Seattle Opera recently presented George Frederick Handel’s opera Alcina (the final performance was October 28), directed by Tim Albery. This was the company’s first staging of Alcina, although Seattle Opera has staged other Handel operas including Xerxes, Semele, and Giulio Cesare. Scenic and Costume Designer Hannah Clark placed the action in an unidentifiable time and place; characters wear contemporary dress and lounge on modern furniture, but accessorize with magic staffs, swords, and bits of Renaissance-era armor.
The title character rules a seemingly beautiful island where she seduces visitors until she’s bored with them, and then turns them into wild beasts or landscaping features. Into this hellish playpen steps a young woman disguised as her own brother, in search of her fiancé, Alcina’s latest boytoy. The plot includes mistaken identities and inappropriate attractions as the characters struggle to free themselves from Alcina’s powers and illusions.
Several of the six singers were familiar to Seattle audiences, and the acting and vocal quality of all was excellent (although some voices were sounding tired by the final performance). Sharleen Joynt (as Alcina’s sister Morgana) was a joy to hear—a confident, sweet coloratura that soared effortlessly into stratospheric heights. Vanessa Goikoetxea’s Alcina was riveting as a woman who is losing her narcissistic supply and feels her power dissipating. Her extended tantrum in Part 2 was classic scene-chewing, appropriate to the self-absorbed monster she was portraying.
The orchestra was superb, and the solo cello in the continuo sections was heart-opening, matching the singer with lyrical and soulful lines. “Worth the price of admission,” said my companion.
However, the staging was more challenging for audiences. Hannah Clark’s set consisted of ten green chairs that could have denoted a hotel lobby, an airport lounge, or any other place where people wait for life to start happening. The lighting was relatively dim through Part 1, and the rear-projected video of the approach onto the island was in black and white, creating a semi-dream state where everything is a little out of focus and colorless. As the characters struggled with their fantasies, the video moved us deeper into the jungle, becoming increasingly dark and sinister. Part 2 used spotlights on individuals as the characters began to regain their own identities and agendas. When the spell was broken, the video rushed us backwards out of the jungle and onto the surrounding ocean, the island lost in the distance.
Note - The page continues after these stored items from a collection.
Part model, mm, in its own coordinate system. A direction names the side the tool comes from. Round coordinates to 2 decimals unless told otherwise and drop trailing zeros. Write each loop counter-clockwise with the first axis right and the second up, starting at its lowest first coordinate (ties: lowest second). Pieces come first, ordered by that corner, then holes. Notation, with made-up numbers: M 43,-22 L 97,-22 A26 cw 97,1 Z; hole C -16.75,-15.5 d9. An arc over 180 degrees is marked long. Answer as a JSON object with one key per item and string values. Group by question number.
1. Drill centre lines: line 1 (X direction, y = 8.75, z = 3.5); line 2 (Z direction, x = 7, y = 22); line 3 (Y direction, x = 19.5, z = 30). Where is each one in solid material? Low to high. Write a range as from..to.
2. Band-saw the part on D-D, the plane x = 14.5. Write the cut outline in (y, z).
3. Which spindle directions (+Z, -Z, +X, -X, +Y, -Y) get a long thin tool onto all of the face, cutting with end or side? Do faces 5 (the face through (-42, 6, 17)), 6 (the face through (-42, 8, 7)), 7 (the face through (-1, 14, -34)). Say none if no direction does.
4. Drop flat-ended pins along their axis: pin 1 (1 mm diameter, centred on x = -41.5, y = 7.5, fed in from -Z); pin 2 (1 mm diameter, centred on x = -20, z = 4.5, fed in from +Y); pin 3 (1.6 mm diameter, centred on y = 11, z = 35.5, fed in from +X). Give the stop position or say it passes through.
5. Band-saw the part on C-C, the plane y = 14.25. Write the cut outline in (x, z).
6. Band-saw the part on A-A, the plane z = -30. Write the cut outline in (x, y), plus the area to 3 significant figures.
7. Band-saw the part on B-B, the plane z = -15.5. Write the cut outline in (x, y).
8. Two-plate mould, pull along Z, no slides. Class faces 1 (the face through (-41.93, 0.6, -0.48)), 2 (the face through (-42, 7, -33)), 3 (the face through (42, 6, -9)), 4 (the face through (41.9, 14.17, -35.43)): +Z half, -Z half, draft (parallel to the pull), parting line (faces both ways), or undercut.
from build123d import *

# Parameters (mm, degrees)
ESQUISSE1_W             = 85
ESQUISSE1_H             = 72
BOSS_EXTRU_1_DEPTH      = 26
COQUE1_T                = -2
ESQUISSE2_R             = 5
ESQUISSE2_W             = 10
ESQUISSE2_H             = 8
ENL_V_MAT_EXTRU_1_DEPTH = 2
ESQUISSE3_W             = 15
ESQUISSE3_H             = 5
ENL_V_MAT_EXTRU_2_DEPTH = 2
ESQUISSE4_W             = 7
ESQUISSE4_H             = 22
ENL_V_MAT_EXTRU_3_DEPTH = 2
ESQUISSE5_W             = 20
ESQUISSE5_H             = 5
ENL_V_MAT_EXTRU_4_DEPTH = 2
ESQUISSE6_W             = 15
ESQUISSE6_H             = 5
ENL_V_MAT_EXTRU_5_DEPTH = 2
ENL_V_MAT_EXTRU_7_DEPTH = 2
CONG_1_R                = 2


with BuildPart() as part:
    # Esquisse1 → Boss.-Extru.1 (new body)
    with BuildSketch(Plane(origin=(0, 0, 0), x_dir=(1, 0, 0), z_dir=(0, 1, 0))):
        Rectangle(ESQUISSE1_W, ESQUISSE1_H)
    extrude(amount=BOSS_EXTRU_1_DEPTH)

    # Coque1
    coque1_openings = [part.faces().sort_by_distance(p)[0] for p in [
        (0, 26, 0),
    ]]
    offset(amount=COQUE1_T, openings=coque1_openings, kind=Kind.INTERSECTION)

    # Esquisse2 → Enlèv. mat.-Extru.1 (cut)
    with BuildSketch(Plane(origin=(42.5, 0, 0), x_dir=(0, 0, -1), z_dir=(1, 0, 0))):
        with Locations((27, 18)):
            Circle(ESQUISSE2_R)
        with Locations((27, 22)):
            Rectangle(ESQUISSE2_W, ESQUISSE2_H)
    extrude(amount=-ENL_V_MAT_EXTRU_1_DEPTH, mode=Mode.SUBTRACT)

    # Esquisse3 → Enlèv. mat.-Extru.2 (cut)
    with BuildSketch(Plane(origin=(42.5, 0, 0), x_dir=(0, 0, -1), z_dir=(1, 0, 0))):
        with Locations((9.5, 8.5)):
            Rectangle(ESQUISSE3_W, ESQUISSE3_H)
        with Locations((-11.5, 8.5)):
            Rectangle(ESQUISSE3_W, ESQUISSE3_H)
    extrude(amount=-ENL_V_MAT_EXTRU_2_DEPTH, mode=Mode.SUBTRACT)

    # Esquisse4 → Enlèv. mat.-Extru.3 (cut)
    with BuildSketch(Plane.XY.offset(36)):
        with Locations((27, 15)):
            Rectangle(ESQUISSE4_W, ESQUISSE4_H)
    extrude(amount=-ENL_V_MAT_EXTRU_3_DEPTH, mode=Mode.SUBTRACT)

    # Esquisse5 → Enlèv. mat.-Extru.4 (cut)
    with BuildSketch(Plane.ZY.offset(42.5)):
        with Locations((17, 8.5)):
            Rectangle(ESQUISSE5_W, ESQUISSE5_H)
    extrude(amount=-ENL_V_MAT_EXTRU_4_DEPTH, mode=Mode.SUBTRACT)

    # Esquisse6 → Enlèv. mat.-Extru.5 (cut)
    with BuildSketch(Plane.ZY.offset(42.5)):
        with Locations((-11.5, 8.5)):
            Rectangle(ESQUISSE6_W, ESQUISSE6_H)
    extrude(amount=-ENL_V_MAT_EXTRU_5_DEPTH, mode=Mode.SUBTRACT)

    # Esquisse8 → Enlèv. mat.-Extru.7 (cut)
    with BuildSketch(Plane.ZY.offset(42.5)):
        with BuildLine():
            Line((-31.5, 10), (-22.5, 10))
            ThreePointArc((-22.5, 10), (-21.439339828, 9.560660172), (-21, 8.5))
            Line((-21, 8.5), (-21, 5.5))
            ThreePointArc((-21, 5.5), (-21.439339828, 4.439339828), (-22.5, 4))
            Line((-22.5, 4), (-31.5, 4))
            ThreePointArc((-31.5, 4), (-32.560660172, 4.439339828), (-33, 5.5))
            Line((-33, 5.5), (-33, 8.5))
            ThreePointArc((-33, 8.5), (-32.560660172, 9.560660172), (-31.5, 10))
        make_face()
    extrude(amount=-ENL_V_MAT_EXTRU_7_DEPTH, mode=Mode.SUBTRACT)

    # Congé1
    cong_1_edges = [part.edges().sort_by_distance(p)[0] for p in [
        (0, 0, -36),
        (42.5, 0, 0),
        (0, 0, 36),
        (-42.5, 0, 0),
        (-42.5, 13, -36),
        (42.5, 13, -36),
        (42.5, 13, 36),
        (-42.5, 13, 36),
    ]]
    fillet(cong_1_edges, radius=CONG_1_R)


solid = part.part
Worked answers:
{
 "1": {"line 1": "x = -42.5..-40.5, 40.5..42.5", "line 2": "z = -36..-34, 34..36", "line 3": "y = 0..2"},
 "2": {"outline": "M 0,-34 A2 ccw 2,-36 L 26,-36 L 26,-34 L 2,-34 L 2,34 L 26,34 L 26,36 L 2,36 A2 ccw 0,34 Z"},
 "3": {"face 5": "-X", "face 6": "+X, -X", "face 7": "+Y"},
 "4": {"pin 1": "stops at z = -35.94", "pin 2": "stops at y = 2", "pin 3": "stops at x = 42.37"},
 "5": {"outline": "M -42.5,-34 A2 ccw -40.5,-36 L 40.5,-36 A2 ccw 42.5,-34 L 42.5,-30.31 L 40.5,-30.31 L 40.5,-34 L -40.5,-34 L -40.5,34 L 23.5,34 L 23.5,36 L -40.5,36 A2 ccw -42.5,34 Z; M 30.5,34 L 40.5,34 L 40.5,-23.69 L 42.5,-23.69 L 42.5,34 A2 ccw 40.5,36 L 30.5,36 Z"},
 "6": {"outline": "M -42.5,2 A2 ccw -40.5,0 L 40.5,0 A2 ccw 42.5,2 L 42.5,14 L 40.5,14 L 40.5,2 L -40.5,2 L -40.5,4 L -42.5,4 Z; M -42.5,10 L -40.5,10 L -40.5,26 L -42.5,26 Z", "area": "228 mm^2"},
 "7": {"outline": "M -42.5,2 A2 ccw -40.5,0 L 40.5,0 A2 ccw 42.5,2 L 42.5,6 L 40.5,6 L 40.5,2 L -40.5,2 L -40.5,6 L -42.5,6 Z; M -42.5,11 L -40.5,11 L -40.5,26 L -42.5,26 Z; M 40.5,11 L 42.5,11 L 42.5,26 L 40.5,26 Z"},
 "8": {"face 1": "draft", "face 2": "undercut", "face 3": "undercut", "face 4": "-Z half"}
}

The production took a sharp turn toward farce when three of the characters stripped down to their tasteful black underwear. The audience began to laugh as a character stalked off stage with one sock still on; there was laughter again as the heroine tore off her shirt to convince her fiancé that she was all woman; and in Part 2, when another character reached for her own dress zipper, the laughter was unrestrained. Was this the mood the director was trying for? I believe so; there were signals throughout that this was farce—a noisy smack of a kiss, an oversize hanky offered to a weeping woman—in spite of Alcina’s sinister power and overwrought self-pity.
These conclusions about the production are based on a second viewing of the opera and two weeks of thought, however. Minimalist and non-traditional productions sometimes seem to be the “self-checkout line” of opera and other theater; they ask their audiences to do a lot of heavy lifting. This can engage the audience as co-creators, but it can also detract from what distinguishes opera from other art forms: the music—particularly in Baroque opera, where the point of the opera is a display of vocal acrobatics. It can be difficult to concentrate on a character’s musicality, for example, when we are wondering which item of clothing will come off next.
Finally—this opera is an experience of superbly sung and played Handel, but challenging for contemporary tastes, which look for more action and plot. A woman near me afterward commented “The music was really good, but I won’t be buying the album.”
Alcina (1735), music by George Fredrick Handel, libretto adapted from Antonio Fanzaglia. Seattle Opera, McCaw Hall, 321 Mercer Street, Seattle 98109.